Exchange also checks its own health. Let me copy/paste some information:

One of the interesting features of Exchange Server 2013 is the way that Managed Availability communicates the health of individual Client Access protocols (eg OWA, ActiveSync, EWS) by rendering a healthcheck.htm file in each CAS virtual directory. When the protocol is healthy you can see it yourself by navigating to a URL such as https://mail.exchangeserverpro.net/owa/healthcheck.htm.
When the protocol is unhealthy the page is unavailable, and instead of the HTTP 200 result above you will see a “Page not found” or HTTP 404 result instead.

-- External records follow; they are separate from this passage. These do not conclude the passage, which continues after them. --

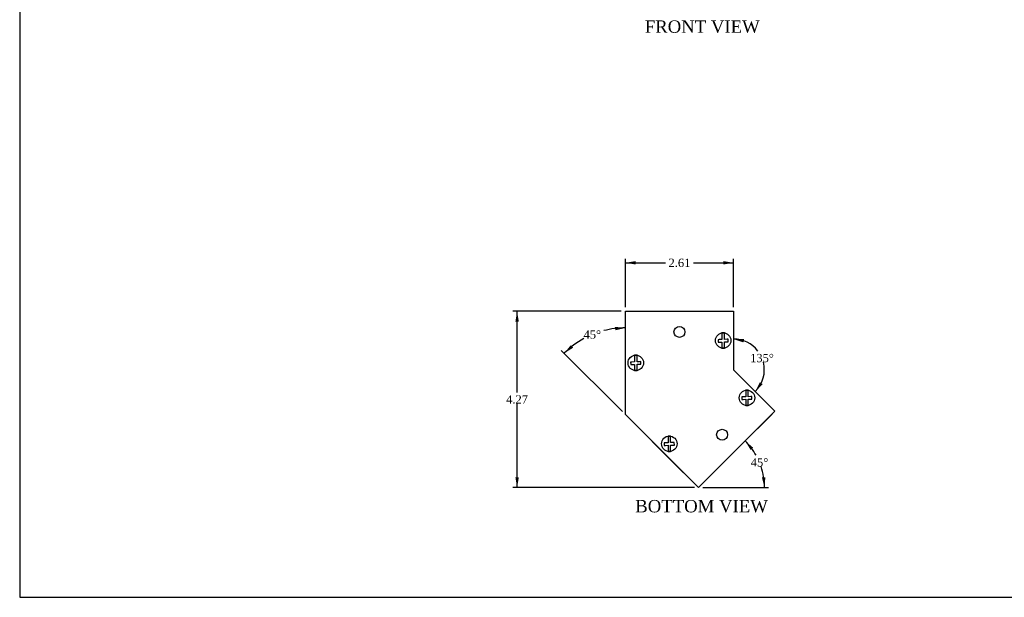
# Model space of a CAD drawing. Header units: inches. Extents: x 0.1 to 47.9, y -0.3 to 31.9.
# Tile 1 of 7: x 0.1 to 23.9, y 0.1 to 14.1. Entities that reach past the tile are written whole.
import ezdxf
from ezdxf.enums import TextEntityAlignment as Align

# ---------------------------------------------------------------- set-up
doc = ezdxf.new("R2010")
doc.units = ezdxf.units.IN
doc.header["$MEASUREMENT"] = 0
for name, color, linetype in [('COM55573-1', 7, 'Continuous'), ('COM55574-1', 7, 'Continuous'), ('COM55575-1', 7, 'Continuous'), ('Default', 7, 'Continuous'), ('SCS19491', 7, 'Continuous')]:
    doc.layers.add(name, color=color, linetype=linetype)
doc.styles.add('SEACAD_Times_New_Roman', font='times.ttf')
doc.dimstyles.new('HAMMOND_(STH_-_42x28)', dxfattribs={"dimtxt": 0.2, "dimasz": 0.25, "dimexe": 0.1, "dimexo": 0.1, "dimgap": 0.05, "dimtad": 0, "dimtih": 1, "dimtoh": 1, "dimzin": 0, "dimdsep": 46, "dimtxsty": 'SEACAD_Times_New_Roman', "dimblk1": '_SE_FILLED', "dimblk2": '_SE_FILLED', "dimsah": 1, "dimcen": 0.1, "dimadec": 0, "dimazin": 0, "dimtfac": 0.8, "dimtofl": 0, "dimtmove": 0, "dimatfit": 3, "dimfxl": 1, "dimtolj": 1, "dimtzin": 0, "dimarcsym": 0})

# ---------------------------------------------------------------- blocks, each defined once
blk = doc.blocks.new('SE2')
at = {"layer": 'COM55573-1', "color": 7, "linetype": 'Continuous'}
for p, q in [((14.751, 7.012), (17.365, 7.012)), ((14.751, 4.512), (14.751, 7.012)), ((17.365, 7.012), (17.365, 5.594)), ((17.365, 5.594), (18.367, 4.592)), ((18.367, 4.592), (16.519, 2.744)), ((16.519, 2.744), (14.751, 4.512))]:
    blk.add_line(p, q, dxfattribs=at)
for centre in [(16.058, 6.512), (17.09, 4.022)]:
    blk.add_circle(centre, 0.133, dxfattribs=at)
at = {"layer": 'COM55574-1', "color": 7, "linetype": 'Continuous'}
for p, q in [((18.368, 4.592), (18.327, 4.551)), ((18.327, 4.552), (18.327, 4.551)), ((18.367, 4.592), (18.368, 4.592))]:
    blk.add_line(p, q, dxfattribs=at)
blk.add_arc((17.394, 5.606), 0.029, 180, 218.7251, dxfattribs=at)
at = {"layer": 'COM55575-1', "color": 7, "linetype": 'Continuous'}
for p, q in [((14.985, 4.277), (14.776, 4.486)), ((14.985, 4.277), (14.985, 4.277)), ((14.985, 4.277), (14.985, 4.277)), ((14.985, 4.277), (14.985, 4.277)), ((15.812, 3.451), (14.985, 4.277)), ((16.519, 2.744), (15.812, 3.451)), ((15.812, 3.451), (15.812, 3.451)), ((15.812, 3.451), (15.812, 3.451)), ((15.812, 3.451), (15.812, 3.451)), ((16.519, 2.744), (16.559, 2.784)), ((16.559, 2.784), (16.559, 2.784))]:
    blk.add_line(p, q, dxfattribs=at)
blk.add_arc((14.837, 4.547), 0.086, 222.6576, 225, dxfattribs=at)
at = {"layer": 'SCS19491', "color": 7, "linetype": 'Continuous'}
for p, q in [((17.085, 6.487), (17.085, 6.396)), ((17.145, 6.396), (17.145, 6.487)), ((17.02, 6.324), (16.991, 6.323)), ((16.991, 6.323), (16.994, 6.263)), ((16.994, 6.263), (17.026, 6.265)), ((17.085, 6.327), (17.02, 6.324)), ((17.026, 6.265), (17.085, 6.267)), ((17.085, 6.396), (17.085, 6.327)), ((17.085, 6.267), (17.085, 6.21)), ((17.085, 6.21), (17.085, 6.119)), ((17.145, 6.329), (17.145, 6.396)), ((17.208, 6.332), (17.145, 6.329)), ((17.145, 6.269), (17.208, 6.272)), ((17.145, 6.21), (17.145, 6.269)), ((17.145, 6.119), (17.145, 6.21)), ((17.235, 6.333), (17.208, 6.332)), ((17.208, 6.272), (17.237, 6.273)), ((17.237, 6.273), (17.235, 6.333)), ((14.906, 5.783), (14.877, 5.782)), ((14.877, 5.782), (14.88, 5.722)), ((14.88, 5.722), (14.912, 5.723)), ((14.971, 5.786), (14.906, 5.783)), ((14.912, 5.723), (14.971, 5.726)), ((14.971, 5.945), (14.971, 5.854)), ((14.971, 5.854), (14.971, 5.786)), ((14.971, 5.726), (14.971, 5.669)), ((15.031, 5.854), (15.031, 5.945)), ((15.031, 5.788), (15.031, 5.854)), ((15.094, 5.79), (15.031, 5.788)), ((15.031, 5.728), (15.094, 5.73)), ((15.031, 5.669), (15.031, 5.728)), ((15.121, 5.792), (15.094, 5.79)), ((15.094, 5.73), (15.123, 5.732)), ((15.123, 5.732), (15.121, 5.792)), ((14.971, 5.669), (14.971, 5.578)), ((15.031, 5.578), (15.031, 5.669)), ((17.66, 5.1), (17.66, 5.009)), ((17.66, 5.009), (17.66, 4.941)), ((17.72, 5.009), (17.72, 5.1)), ((17.72, 4.943), (17.72, 5.009)), ((17.594, 4.938), (17.565, 4.937)), ((17.565, 4.937), (17.568, 4.877)), ((17.568, 4.877), (17.6, 4.878)), ((17.66, 4.941), (17.594, 4.938)), ((17.6, 4.878), (17.66, 4.88)), ((17.66, 4.88), (17.66, 4.824)), ((17.66, 4.824), (17.66, 4.733)), ((17.783, 4.945), (17.72, 4.943)), ((17.72, 4.883), (17.782, 4.885)), ((17.72, 4.824), (17.72, 4.883)), ((17.72, 4.733), (17.72, 4.824)), ((17.782, 4.885), (17.811, 4.886)), ((17.809, 4.946), (17.783, 4.945)), ((17.811, 4.886), (17.809, 4.946)), ((15.717, 3.826), (15.688, 3.825)), ((15.688, 3.825), (15.69, 3.765)), ((15.782, 3.829), (15.717, 3.826)), ((15.782, 3.988), (15.782, 3.897)), ((15.782, 3.897), (15.782, 3.829)), ((15.842, 3.897), (15.842, 3.988)), ((15.842, 3.831), (15.842, 3.897)), ((15.905, 3.833), (15.842, 3.831)), ((15.931, 3.834), (15.905, 3.833)), ((15.934, 3.774), (15.931, 3.834)), ((15.69, 3.765), (15.722, 3.766)), ((15.722, 3.766), (15.782, 3.768)), ((15.782, 3.768), (15.782, 3.712)), ((15.782, 3.712), (15.782, 3.621)), ((15.842, 3.771), (15.904, 3.773)), ((15.842, 3.712), (15.842, 3.771)), ((15.842, 3.621), (15.842, 3.712)), ((15.904, 3.773), (15.934, 3.774))]:
    blk.add_line(p, q, dxfattribs=at)
for centre in [(17.115, 6.303), (15.001, 5.762), (17.69, 4.916), (15.812, 3.804)]:
    blk.add_circle(centre, 0.187, dxfattribs=at)
for centre, start, end in [((17.115, 6.303), 80.7303, 99.2697), ((17.115, 6.303), 260.7303, 279.2697), ((15.001, 5.762), 80.7303, 99.2697), ((15.001, 5.762), 260.7303, 279.2697), ((17.69, 4.916), 80.7303, 99.2697), ((17.69, 4.916), 260.7303, 279.2697), ((15.812, 3.804), 80.7303, 99.2697), ((15.812, 3.804), 260.7303, 279.2697)]:
    blk.add_arc(centre, 0.186, start, end, dxfattribs=at)
blk = doc.blocks.new('DMBLK8053')
at = {"layer": 'Default', "linetype": 'Continuous', "transparency": 16777216}
for points in [[(15.001, 8.226), (14.751, 8.184), (15.001, 8.142)], [(17.115, 8.226), (17.115, 8.142), (17.365, 8.184)]]:
    blk.add_hatch(color=7, dxfattribs=at).paths.add_polyline_path(points)
at = {"layer": 'Default', "color": 7, "linetype": 'Continuous', "transparency": 16777216}
for p, q in [((14.751, 7.112), (14.751, 8.284)), ((14.751, 8.184), (15.723, 8.184)), ((16.394, 8.184), (17.365, 8.184)), ((17.365, 7.112), (17.365, 8.284))]:
    blk.add_line(p, q, dxfattribs=at)
at = {"layer": 'Default', "color": 7, "linetype": 'Continuous', "transparency": 16777216, "style": 'SEACAD_Times_New_Roman'}
blk.add_text('2.61', height=0.2, dxfattribs=at).set_placement((15.793, 8.284), align=Align.TOP_LEFT)
blk = doc.blocks.new('_SE_FILLED')
at = {"color": 0}
blk.add_line((0, 0), (-1, 0), dxfattribs=at)
blk.add_solid([(0, 0), (-1, -0.1665), (-1, 0.1665), (0, 0)], dxfattribs=at)
blk = doc.blocks.new('DMBLK8064')
at = {"layer": 'Default', "linetype": 'Continuous', "transparency": 16777216}
for points in [[(17.619, 6.338), (17.365, 6.339), (17.605, 6.256)], [(18.003, 5.296), (17.892, 5.068), (18.07, 5.248)]]:
    blk.add_hatch(color=7, dxfattribs=at).paths.add_polyline_path(points)
at = {"layer": 'Default', "color": 7, "linetype": 'Continuous', "transparency": 16777216}
for start, end in [(37.6627, 90), (315, 14.3812)]:
    blk.add_arc((17.365, 5.594), 0.745, start, end, dxfattribs=at)
at = {"layer": 'Default', "color": 7, "linetype": 'Continuous', "transparency": 16777216, "style": 'SEACAD_Times_New_Roman'}
blk.add_text('135°', height=0.2, dxfattribs=at).set_placement((17.766, 5.979), align=Align.TOP_LEFT)
blk = doc.blocks.new('DMBLK8065')
at = {"layer": 'Default', "linetype": 'Continuous', "transparency": 16777216}
for points in [[(14.504, 6.551), (14.751, 6.607), (14.499, 6.634)], [(13.429, 6.191), (13.269, 5.994), (13.484, 6.128)]]:
    blk.add_hatch(color=7, dxfattribs=at).paths.add_polyline_path(points)
at = {"layer": 'Default', "color": 7, "linetype": 'Continuous', "transparency": 16777216}
blk.add_line((14.681, 4.582), (13.199, 6.064), dxfattribs=at)
for start, end in [(90, 104.3981), (118.8167, 135)]:
    blk.add_arc((14.751, 4.512), 2.096, start, end, dxfattribs=at)
at = {"layer": 'Default', "color": 7, "linetype": 'Continuous', "transparency": 16777216, "style": 'SEACAD_Times_New_Roman'}
blk.add_text('45°', height=0.2, dxfattribs=at).set_placement((13.738, 6.548), align=Align.TOP_LEFT)
blk = doc.blocks.new('DMBLK8066')
at = {"layer": 'Default', "linetype": 'Continuous', "transparency": 16777216}
for points in [[(12.089, 6.762), (12.172, 6.762), (12.131, 7.012)], [(12.089, 2.994), (12.131, 2.744), (12.172, 2.994)]]:
    blk.add_hatch(color=7, dxfattribs=at).paths.add_polyline_path(points)
at = {"layer": 'Default', "color": 7, "linetype": 'Continuous', "transparency": 16777216}
for p, q in [((14.651, 7.012), (12.031, 7.012)), ((12.131, 5.048), (12.131, 7.012)), ((12.131, 2.744), (12.131, 4.778)), ((16.419, 2.744), (12.031, 2.744))]:
    blk.add_line(p, q, dxfattribs=at)
at = {"layer": 'Default', "color": 7, "linetype": 'Continuous', "transparency": 16777216, "style": 'SEACAD_Times_New_Roman'}
blk.add_text('4.27', height=0.2, dxfattribs=at).set_placement((11.865, 4.978), align=Align.TOP_LEFT)
blk = doc.blocks.new('DMBLK8067')
at = {"layer": 'Default', "linetype": 'Continuous', "transparency": 16777216}
for points in [[(17.841, 3.709), (17.647, 3.872), (17.778, 3.655)], [(18.053, 2.99), (18.114, 2.744), (18.136, 2.996)]]:
    blk.add_hatch(color=7, dxfattribs=at).paths.add_polyline_path(points)
at = {"layer": 'Default', "color": 7, "linetype": 'Continuous', "transparency": 16777216}
for p, q in [((18.297, 4.521), (17.576, 3.801)), ((16.619, 2.744), (18.214, 2.744))]:
    blk.add_line(p, q, dxfattribs=at)
for start, end in [(29.2914, 45), (0, 18.6627)]:
    blk.add_arc((16.519, 2.744), 1.595, start, end, dxfattribs=at)
at = {"layer": 'Default', "color": 7, "linetype": 'Continuous', "transparency": 16777216, "style": 'SEACAD_Times_New_Roman'}
blk.add_text('45°', height=0.2, dxfattribs=at).set_placement((17.782, 3.454), align=Align.TOP_LEFT)
blk = doc.blocks.new('BORDER')
at = {"layer": 'Default', "color": 7, "linetype": 'Continuous'}
for p, q in [((-41.86, 27.86), (-41.86, 0)), ((-41.86, 0), (0, 0))]:
    blk.add_line(p, q, dxfattribs=at)

msp = doc.modelspace()

# ---------------------------------------------------------------- block references
at = {"layer": 'Default', "color": 7, "xscale": 1.142, "yscale": 1.142, "zscale": 1.142}
msp.add_blockref('BORDER', (47.903, 0.088), dxfattribs=at)
at = {"layer": 'Default'}
msp.add_blockref('SE2', (0, 0), dxfattribs=at)

# ---------------------------------------------------------------- texts
at = {"layer": 'Default', "color": 7, "linetype": 'Continuous', "style": 'SEACAD_Times_New_Roman'}
for s, p in [('FRONT VIEW', (15.219, 14.051)), ('BOTTOM VIEW', (14.988, 2.444))]:
    msp.add_text(s, height=0.3, dxfattribs=at).set_placement(p, align=Align.TOP_LEFT)

# ---------------------------------------------------------------- dimensions: what is measured, and where the dimension line sits
at = {"layer": 'Default', "color": 7, "linetype": 'Continuous'}
for base, p1, p2, angle, picture, middle, dimtype in [((14.751, 8.184), (14.751, 7.012), (17.365, 7.012), 0, 'DMBLK8053', (16.058, 8.184), 161), ((12.131, 7.012), (16.519, 2.744), (14.751, 7.012), 90, 'DMBLK8066', (12.131, 4.878), 160)]:
    dim = msp.add_linear_dim(base=base, p1=p1, p2=p2, angle=angle, text='\\A1;<>', dimstyle='HAMMOND_(STH_-_42x28)', dxfattribs=at)
    dim.commit()
    dim.dimension.update_dxf_attribs({"geometry": picture, "text_midpoint": middle, "dimtype": dimtype})
for base, line1, line2, picture, middle in [((13.949, 6.448), ((14.751, 4.512), (16.519, 2.744)), ((14.751, 4.512), (14.751, 7.012)), 'DMBLK8065', (13.949, 6.448)), ((18.053, 5.879), ((17.365, 5.594), (18.367, 4.592)), ((17.365, 5.594), (17.365, 7.012)), 'DMBLK8064', (18.053, 5.879)), ((17.993, 3.354), ((16.519, 2.744), (16.519, 2.744)), ((16.519, 2.744), (18.367, 4.592)), 'DMBLK8067', (17.993, 3.354))]:
    dim = msp.add_angular_dim_2l(base=base, line1=line1, line2=line2, text='\\A1;<>', dimstyle='HAMMOND_(STH_-_42x28)', dxfattribs=at)
    dim.commit()
    dim.dimension.update_dxf_attribs({"geometry": picture, "text_midpoint": middle, "dimtype": 162})

doc.saveas('drawing.dxf')

Source: http://practical365.com/exchange-server/testing-exchange-server-2013-client-access-server-health-with-powershell/

Further reading: https://blogs.technet.microsoft.com/exchange/2014/03/05/load-balancing-in-exchange-2013/ and the chapter about Health Probe Checking

We have no need to implement this at the “Exchange server-level” though, as these checks are already done in our Zen Load Balancer (described in this blog post). I guess you could call this the “fourth script” for checking/monitoring server health.

 

Reports

So, what all this adds up to are some nice reports. I’ll get a daily mail (generated at 02:00) looking like this (and hopefully always will 🙂 ):

ExServerHealth_screenshot_from_report

Daily report generated from Test-ExchangeServerHealth.ps1 script

 

ExEnvironmentreport_screenshot_from_report

Weekly report generated from Get-ExchangeEnvironmentReport.ps1 script

 

ExServerHealthSet_screenshot_from_report

Weekly report generated from Get-HealthSetReport.ps1 script (The problem was already taken care of 🙂 )

 

As you can see from the screenshots above, these checks are all reporting different aspects of the Exchange server health.

This quite much covers all the necessary monitoring in my opinion and with these checks in place you can probably also sleep better during the nights 🙂 Even though these checks are comprehensive, I’m still planning on even more checks. My next step will be an attempt at Real-time event log monitoring using NSClient++ / Nagios. Actually the Nagios thought was buried and I will instead focus on the ELK stack which is a VERY comprehensive logging solution.